- _WORK TASK_: Pick each line that has "camera" out of the records.

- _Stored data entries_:

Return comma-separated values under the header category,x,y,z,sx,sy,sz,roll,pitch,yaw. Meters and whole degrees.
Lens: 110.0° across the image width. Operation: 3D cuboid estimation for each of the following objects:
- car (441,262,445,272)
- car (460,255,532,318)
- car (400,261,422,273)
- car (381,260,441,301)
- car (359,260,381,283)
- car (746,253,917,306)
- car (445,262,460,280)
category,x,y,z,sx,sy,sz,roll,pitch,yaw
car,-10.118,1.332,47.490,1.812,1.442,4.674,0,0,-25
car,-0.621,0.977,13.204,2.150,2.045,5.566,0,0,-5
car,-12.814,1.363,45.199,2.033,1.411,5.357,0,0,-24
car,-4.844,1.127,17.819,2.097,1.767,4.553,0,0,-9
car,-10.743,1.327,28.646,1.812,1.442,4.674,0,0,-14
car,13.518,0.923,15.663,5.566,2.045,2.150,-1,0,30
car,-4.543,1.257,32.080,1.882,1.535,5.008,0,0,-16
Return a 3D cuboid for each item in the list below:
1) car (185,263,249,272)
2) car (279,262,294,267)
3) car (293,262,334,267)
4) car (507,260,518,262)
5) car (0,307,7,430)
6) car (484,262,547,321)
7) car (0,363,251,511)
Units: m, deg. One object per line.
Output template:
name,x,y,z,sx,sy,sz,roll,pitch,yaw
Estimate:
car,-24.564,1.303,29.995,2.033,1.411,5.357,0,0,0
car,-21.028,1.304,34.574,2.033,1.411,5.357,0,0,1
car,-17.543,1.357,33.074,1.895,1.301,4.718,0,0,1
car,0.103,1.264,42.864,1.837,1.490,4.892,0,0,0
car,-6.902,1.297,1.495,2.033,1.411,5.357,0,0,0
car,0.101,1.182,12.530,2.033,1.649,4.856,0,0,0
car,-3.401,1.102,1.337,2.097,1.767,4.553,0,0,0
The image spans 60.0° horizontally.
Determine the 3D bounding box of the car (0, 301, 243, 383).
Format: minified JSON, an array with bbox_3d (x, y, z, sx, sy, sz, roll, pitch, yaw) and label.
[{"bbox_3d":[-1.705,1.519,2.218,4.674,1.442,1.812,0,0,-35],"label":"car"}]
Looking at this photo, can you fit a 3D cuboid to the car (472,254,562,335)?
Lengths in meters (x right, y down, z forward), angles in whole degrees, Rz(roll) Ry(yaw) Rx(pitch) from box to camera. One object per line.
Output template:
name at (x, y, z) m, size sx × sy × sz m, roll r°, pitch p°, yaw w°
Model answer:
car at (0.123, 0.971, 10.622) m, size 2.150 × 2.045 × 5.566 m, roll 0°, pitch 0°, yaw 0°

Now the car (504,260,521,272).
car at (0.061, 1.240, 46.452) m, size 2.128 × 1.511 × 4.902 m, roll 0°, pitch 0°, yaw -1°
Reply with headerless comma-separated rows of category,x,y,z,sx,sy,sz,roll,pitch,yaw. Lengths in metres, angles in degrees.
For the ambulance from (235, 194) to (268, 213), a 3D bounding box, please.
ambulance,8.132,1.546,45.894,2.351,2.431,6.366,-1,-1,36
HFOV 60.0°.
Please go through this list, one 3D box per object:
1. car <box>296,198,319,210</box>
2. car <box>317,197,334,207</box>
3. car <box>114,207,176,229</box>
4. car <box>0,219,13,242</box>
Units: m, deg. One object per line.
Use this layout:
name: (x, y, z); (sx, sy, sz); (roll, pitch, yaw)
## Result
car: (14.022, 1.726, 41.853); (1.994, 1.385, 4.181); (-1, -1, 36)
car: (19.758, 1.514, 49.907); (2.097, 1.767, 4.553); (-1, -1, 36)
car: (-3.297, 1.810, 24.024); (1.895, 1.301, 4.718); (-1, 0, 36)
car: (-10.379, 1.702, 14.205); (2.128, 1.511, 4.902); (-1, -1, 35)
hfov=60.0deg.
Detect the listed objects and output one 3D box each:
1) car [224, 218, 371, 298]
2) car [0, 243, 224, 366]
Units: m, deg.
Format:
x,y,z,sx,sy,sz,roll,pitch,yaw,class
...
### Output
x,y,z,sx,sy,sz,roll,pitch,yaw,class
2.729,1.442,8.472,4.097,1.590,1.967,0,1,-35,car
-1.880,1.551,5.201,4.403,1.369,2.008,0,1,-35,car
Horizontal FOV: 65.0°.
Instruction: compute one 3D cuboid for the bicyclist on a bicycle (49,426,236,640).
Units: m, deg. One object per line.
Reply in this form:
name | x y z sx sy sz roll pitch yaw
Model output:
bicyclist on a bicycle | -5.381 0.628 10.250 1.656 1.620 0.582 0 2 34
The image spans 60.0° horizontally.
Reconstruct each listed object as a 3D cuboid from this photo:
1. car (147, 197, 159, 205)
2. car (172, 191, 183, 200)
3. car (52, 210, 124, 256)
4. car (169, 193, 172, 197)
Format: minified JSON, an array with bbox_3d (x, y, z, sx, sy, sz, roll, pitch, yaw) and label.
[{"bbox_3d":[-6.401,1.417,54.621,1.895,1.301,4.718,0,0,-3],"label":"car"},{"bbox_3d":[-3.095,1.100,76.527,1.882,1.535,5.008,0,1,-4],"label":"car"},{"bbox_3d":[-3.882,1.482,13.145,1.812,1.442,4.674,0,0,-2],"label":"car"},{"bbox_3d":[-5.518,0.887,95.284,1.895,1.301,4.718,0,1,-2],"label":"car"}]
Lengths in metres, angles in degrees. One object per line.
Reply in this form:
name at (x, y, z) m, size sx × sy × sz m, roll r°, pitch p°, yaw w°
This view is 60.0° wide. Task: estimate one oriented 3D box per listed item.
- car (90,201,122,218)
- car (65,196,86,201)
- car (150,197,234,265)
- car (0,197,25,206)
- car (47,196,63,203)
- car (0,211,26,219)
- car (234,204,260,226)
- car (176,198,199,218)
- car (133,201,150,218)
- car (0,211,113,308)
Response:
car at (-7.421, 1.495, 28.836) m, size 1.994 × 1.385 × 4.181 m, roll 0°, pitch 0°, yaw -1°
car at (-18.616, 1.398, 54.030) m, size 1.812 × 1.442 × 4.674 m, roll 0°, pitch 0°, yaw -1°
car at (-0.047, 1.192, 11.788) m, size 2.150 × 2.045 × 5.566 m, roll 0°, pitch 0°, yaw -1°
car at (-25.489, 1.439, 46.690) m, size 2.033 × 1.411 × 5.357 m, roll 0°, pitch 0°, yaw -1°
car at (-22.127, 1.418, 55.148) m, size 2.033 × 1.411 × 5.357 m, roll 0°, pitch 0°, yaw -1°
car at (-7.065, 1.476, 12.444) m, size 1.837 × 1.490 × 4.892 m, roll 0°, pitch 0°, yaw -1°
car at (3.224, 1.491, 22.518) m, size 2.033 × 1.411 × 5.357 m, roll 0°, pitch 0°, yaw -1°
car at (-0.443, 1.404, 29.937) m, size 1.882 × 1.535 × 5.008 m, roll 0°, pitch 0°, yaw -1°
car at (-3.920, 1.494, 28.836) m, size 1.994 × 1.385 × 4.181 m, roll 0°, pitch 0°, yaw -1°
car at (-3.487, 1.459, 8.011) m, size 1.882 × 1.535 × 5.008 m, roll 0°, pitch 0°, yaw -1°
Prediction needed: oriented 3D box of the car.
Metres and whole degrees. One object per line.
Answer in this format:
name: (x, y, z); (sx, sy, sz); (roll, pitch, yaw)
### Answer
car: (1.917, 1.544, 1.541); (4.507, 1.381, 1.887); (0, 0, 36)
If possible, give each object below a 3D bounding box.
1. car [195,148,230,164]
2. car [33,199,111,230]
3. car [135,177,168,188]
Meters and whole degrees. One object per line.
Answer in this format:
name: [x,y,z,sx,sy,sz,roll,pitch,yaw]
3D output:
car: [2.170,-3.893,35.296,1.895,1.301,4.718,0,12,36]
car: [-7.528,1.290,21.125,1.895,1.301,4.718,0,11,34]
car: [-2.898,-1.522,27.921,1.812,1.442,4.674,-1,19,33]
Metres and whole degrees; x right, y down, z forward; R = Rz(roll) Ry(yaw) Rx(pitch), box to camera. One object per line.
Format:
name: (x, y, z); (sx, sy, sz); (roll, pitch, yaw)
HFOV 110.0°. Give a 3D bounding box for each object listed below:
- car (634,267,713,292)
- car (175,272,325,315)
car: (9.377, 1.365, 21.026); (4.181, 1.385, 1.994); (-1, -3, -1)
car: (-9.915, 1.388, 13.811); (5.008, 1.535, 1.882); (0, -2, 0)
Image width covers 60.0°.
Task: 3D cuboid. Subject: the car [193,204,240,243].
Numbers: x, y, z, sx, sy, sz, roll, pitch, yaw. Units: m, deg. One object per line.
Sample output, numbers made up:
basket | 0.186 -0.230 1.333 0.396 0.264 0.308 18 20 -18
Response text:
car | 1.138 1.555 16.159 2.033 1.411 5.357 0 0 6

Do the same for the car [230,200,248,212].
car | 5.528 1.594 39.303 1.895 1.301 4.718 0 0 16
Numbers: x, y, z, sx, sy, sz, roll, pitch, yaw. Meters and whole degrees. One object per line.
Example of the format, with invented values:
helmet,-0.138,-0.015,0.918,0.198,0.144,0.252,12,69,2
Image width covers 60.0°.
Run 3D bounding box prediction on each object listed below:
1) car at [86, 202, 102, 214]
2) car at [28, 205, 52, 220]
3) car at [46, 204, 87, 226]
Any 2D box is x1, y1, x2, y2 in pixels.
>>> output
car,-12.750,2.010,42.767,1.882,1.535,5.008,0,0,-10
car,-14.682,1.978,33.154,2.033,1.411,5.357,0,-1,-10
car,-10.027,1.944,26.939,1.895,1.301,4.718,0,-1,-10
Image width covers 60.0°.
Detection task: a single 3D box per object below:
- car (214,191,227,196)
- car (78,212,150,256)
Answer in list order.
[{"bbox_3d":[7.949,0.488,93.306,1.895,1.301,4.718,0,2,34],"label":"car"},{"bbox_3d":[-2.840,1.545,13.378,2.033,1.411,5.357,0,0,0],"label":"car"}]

- _ANSWER BELOW_:
Lengths in meters (x right, y down, z forward), angles in whole degrees, Rz(roll) Ry(yaw) Rx(pitch) from box to camera. One object per line.
Metres and whole degrees; x right, y down, z forward; R = Rz(roll) Ry(yaw) Rx(pitch), box to camera. One object per line.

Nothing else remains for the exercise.